Wartawan Korban Penusukan di Papua Mengadu ke DPR

Wartawan Korban Penusukan di Papua Mengadu ke DPR

- detikNews
Selasa, 10 Mei 2011 14:42 WIB
Jakarta - Koresponden portal berita Vivanews.com dan koran Jakarta Globe, Banjir Ambarita, mengadukan kasus penikaman yang dialaminya ke Fraksi PDI Perjuangan DPR. Penikaman Ambarita oleh orang tak dikenal Maret lalu diduga terkait dengan pemberitaan yang dibuatnya tentang pemerkosaan tahanan wanita oleh tiga oknum polisi di Mapolresta Jayapura.

"Sampai saat ini kasus (penikaman) ini belum ada titik terang. Bahkan dialihkan seolah-olah perampokan. Tapi itu tak bisa dibuktikan. Tidak hanya saya, teman-teman jurnalis di Papua trauma dengan kejadian itu," kata Ambarita, mengawali kisah tragisnya.

Bersama Aliansi Jurnalis Independen dan Imparsial, Ambarita diterima oleh anggota FPDIP, Eva Kusuma Sundari dan M Nurdin. Audiensi ini berlangsung di ruang FPDIP, Kompleks Parlemen, Senayan, Jakarta, Selasa (10/5/2011).

Bram, sapaan akrabnya, menceritakan dengan rinci kronologi penikaman. Menurutnya, dugaan keterkaitan penikaman dan pemberitaan yang dibuatnya dikarenakan Humas Mapolresta Jayapura Ipda Heri Susanto pernah meminta wartawan tidak memberitakan lagi kasus tersebut.

"Ipda Heri Susanto menghubungi wartawan untuk diminta berkumpul di Damte Cafe Dok II Jayapura. Di situ ia meminta agar pemberitaan pemerkosaan oleh oknum polisi tidak diberitakan lagi, dengan alasan pemberitaan itu Kapolresta AKBP Iman Setiawan stres," ujarnya.

Untuk kasus pemerkosaan itu, Bram menulis berita ke tiga media, yakni Vivanews.com, Jakarta Globe dan Bintang Papua.
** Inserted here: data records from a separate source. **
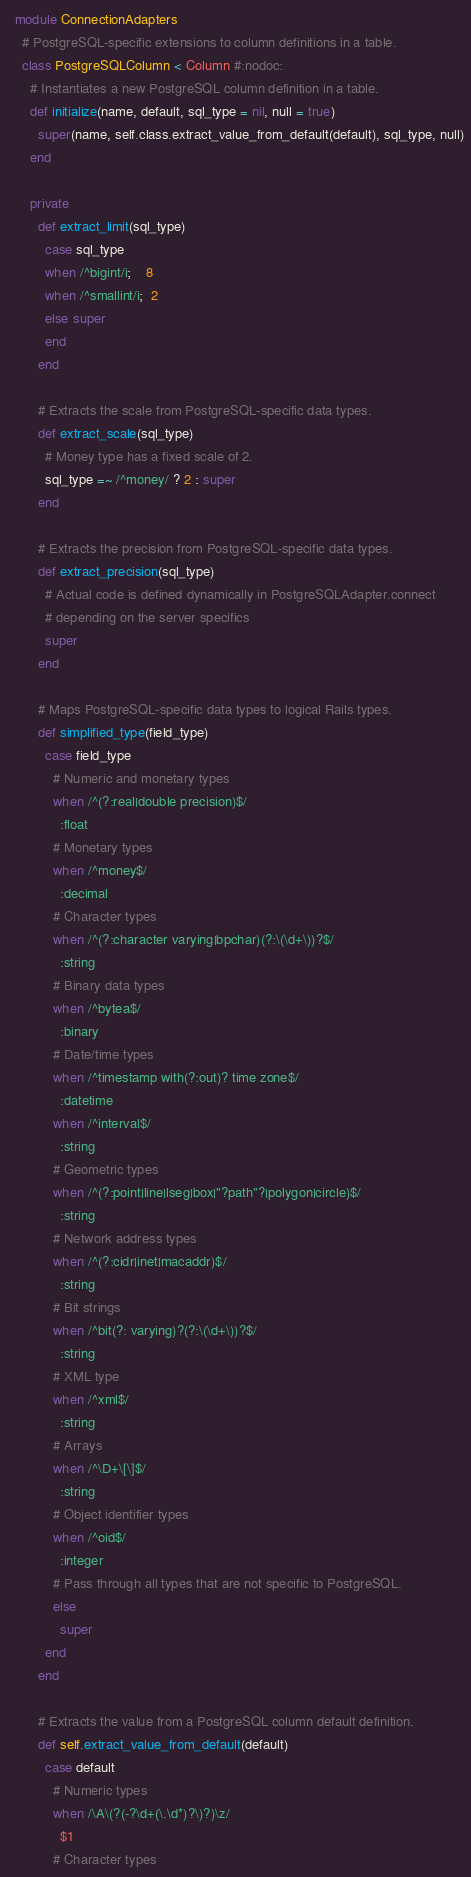<code> <loc_0><loc_0><loc_500><loc_500><_Ruby_>
  module ConnectionAdapters
    # PostgreSQL-specific extensions to column definitions in a table.
    class PostgreSQLColumn < Column #:nodoc:
      # Instantiates a new PostgreSQL column definition in a table.
      def initialize(name, default, sql_type = nil, null = true)
        super(name, self.class.extract_value_from_default(default), sql_type, null)
      end

      private
        def extract_limit(sql_type)
          case sql_type
          when /^bigint/i;    8
          when /^smallint/i;  2
          else super
          end
        end

        # Extracts the scale from PostgreSQL-specific data types.
        def extract_scale(sql_type)
          # Money type has a fixed scale of 2.
          sql_type =~ /^money/ ? 2 : super
        end

        # Extracts the precision from PostgreSQL-specific data types.
        def extract_precision(sql_type)
          # Actual code is defined dynamically in PostgreSQLAdapter.connect
          # depending on the server specifics
          super
        end
  
        # Maps PostgreSQL-specific data types to logical Rails types.
        def simplified_type(field_type)
          case field_type
            # Numeric and monetary types
            when /^(?:real|double precision)$/
              :float
            # Monetary types
            when /^money$/
              :decimal
            # Character types
            when /^(?:character varying|bpchar)(?:\(\d+\))?$/
              :string
            # Binary data types
            when /^bytea$/
              :binary
            # Date/time types
            when /^timestamp with(?:out)? time zone$/
              :datetime
            when /^interval$/
              :string
            # Geometric types
            when /^(?:point|line|lseg|box|"?path"?|polygon|circle)$/
              :string
            # Network address types
            when /^(?:cidr|inet|macaddr)$/
              :string
            # Bit strings
            when /^bit(?: varying)?(?:\(\d+\))?$/
              :string
            # XML type
            when /^xml$/
              :string
            # Arrays
            when /^\D+\[\]$/
              :string              
            # Object identifier types
            when /^oid$/
              :integer
            # Pass through all types that are not specific to PostgreSQL.
            else
              super
          end
        end
  
        # Extracts the value from a PostgreSQL column default definition.
        def self.extract_value_from_default(default)
          case default
            # Numeric types
            when /\A\(?(-?\d+(\.\d*)?\)?)\z/
              $1
            # Character types</code>

Berita tayang pada 28 Februari 2011.

Junaedi dari Imparsial, meminta FPDIP mengirim surat ke Kapolda Papua untuk meminta kejelasan atas perkembangan kasus penikaman tersebut. "Kita minta Fraksi PDIP menindaklanjuti," kata Junaedi.

Eva berjanji pihaknya akan meminta kejelasan kasus tersebut dalam rapat kerja Komisi III DPR dan Kapolri mendatang. Eva akan menyoroti pengawasan aparat kepolisian.